古川日出男、大森克己、開沼博が福島で制作し続ける理由 | ハマカルアートプロジェクト #1「福島芸術講」
福島県の12市町村のゆるやかな発展を支援する「ハマカル」。このプロジェクトの最初の試みとして、芸術家が地域に滞在しながら創作活動をする〝アーティスト・イン・レジデンス〟が行われた。Hanako が注目した参加作家は、社会学者・小説家・写真家の3人による「福島芸術講」。ウェブ上で公開されている作品とともに、その活動を紹介します。
<ハマカル>とは?
「ハマ」は福島県の浜通り。正式名称はハマカルアートプロジェクト。2011 年の東日本大震災を発端とする福島第一原子力発電所の事故によって、住民が避難を余儀なくされた12の市町村(田村市、南相馬市、川俣町、広野町、楢葉町、富岡町、川内町、大熊町、双葉町、浪江町、葛尾村、飯館村)。この地域に「アーティスト・イン・レジデンス」の場を設け、助成金などの支援を行なっている。アーティスト・イン・レジデンスとは、芸術家たちが、ある場所に一定期間滞在しながら創作活動をすること。映画を撮る、立体作品をつくる、パフォーマンスをする......といった創作活動を通じて、地域住民や企業との交流が生まれ、地域の活性化にもつながることが期待される。
1.ハマカルアートプロジェクトの一つ、<福島芸術講>の3人と話す。
<福島芸術講>とは?
社会学者の開沼博・小説家の古川日出男・写真家の大森克己の3人によるプロジェクト。経産省の「令和5 年度予算 芸術家の中期滞在制作支援事業」の助成を受け、2024年月より福島県の相双地方12 市町村で滞在制作。開沼によるフィールドレコーディング、古川による文章、大森の写真からなる作品を、公式サイトで公開中。3.11 からの復興プロセスを残すというテーマのもとに定期的に集まり、日常性・持続性の上に成り立つ創造をする、ゆるやかな集団だ。

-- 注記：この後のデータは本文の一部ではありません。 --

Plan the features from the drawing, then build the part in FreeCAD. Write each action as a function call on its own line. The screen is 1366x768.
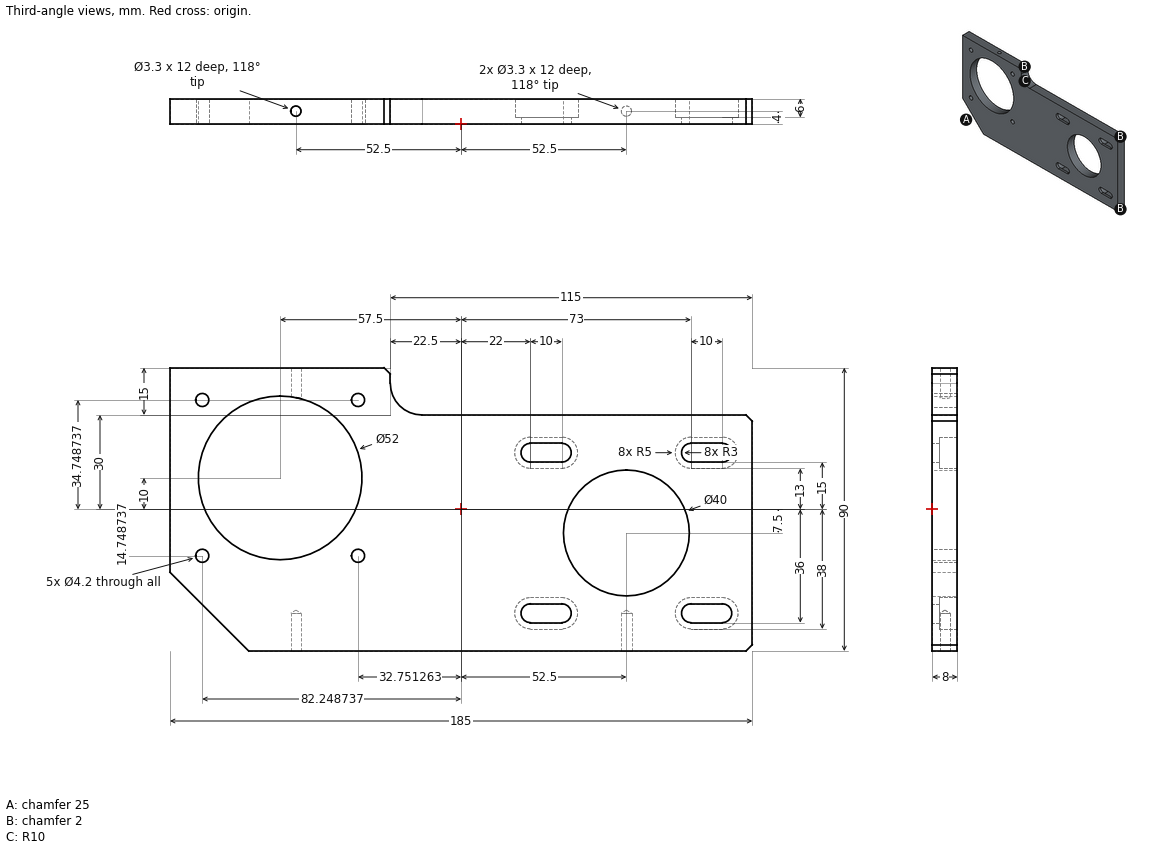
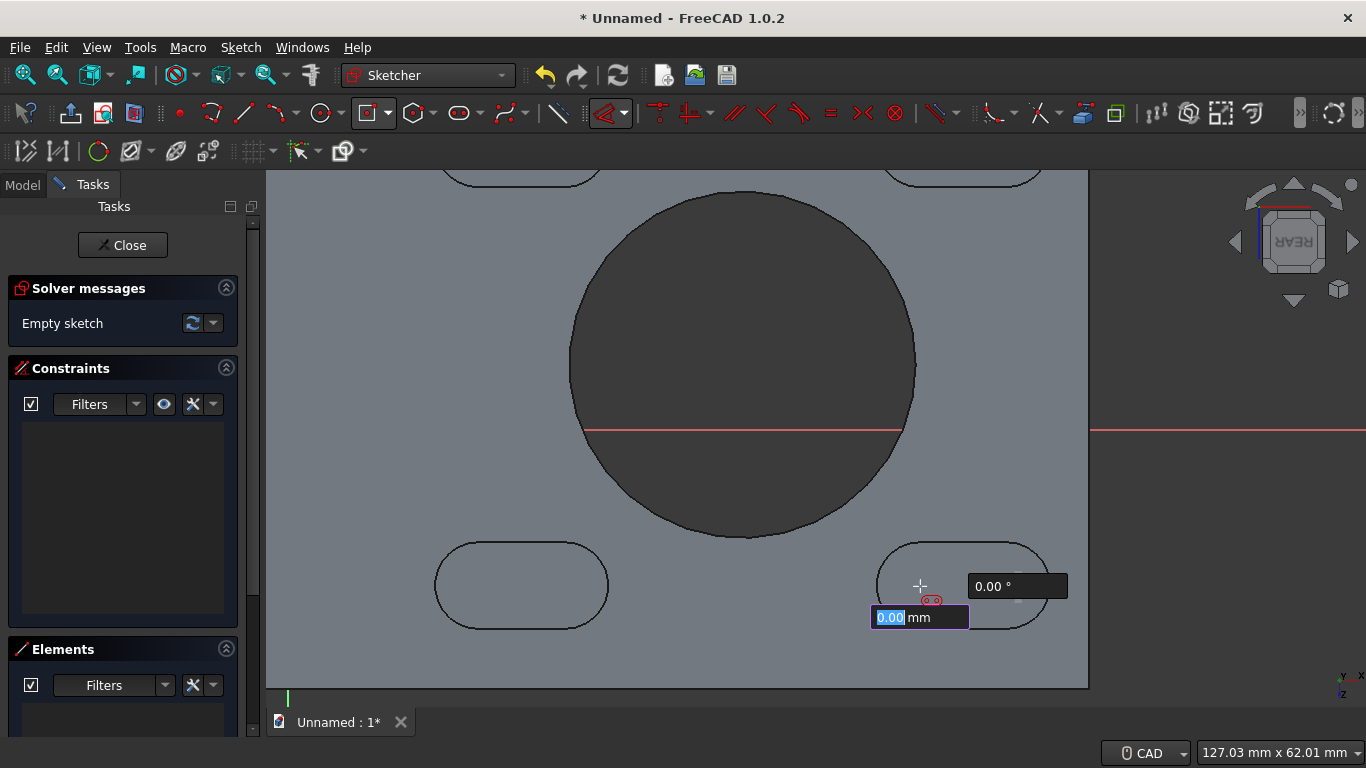
click(1007, 586)

2.写真家・大森克己の「SIGHT/SEEING On the Pacific Coast of Fukushima」
「まなざしの公共性ということを、意識して撮っていたような気がします」
「SIGHT/SEEING On the Pacific Coast of Fukushima」
2024年1月から2月にかけて、福島の12 の市町村をめぐり、撮影した作品群。大森いわく「『誰が見ても絶対そう撮るべきという感じでそこにあるので、誰が撮ったかすら重要でなくなってしまう写真』を撮ることに挑戦している」。
3.作家・古川日出男の「作文(一)から(三)」
「言葉には、まだ名前のない想いに自分で命名する役割があるんです」
福島滞在中のフィールドワークをもとに創作された、古川のテキスト。古川が見て聞いて考えたことは、「俺」の物語でも「私」の人生でもなく、何者にも分類されない話として記された。「そこにたどり着くまでに小説1 本分くらいの追い込みが要りました」と古川。
4.社会学者・開沼博の「まつりのあと」
「音は嘘をつけない。全てを記録してしまうし、それが許されるメディアなん
です」
2024 年1 月に、福島の12 の市町村でフィールドレコーディングされた作品。食堂の調理場、工場の機械音、誰かの会話、鳥小屋(どんど焼き)の茅が燃える音、今年も川に飛来してきた白鳥の鳴き声。フィールドレコーディングは、サウンドスケープや環境音楽に象徴される音楽ジャンルであると同時に、人類学や民族音楽学などで研究手法として広く行われてきたものだ。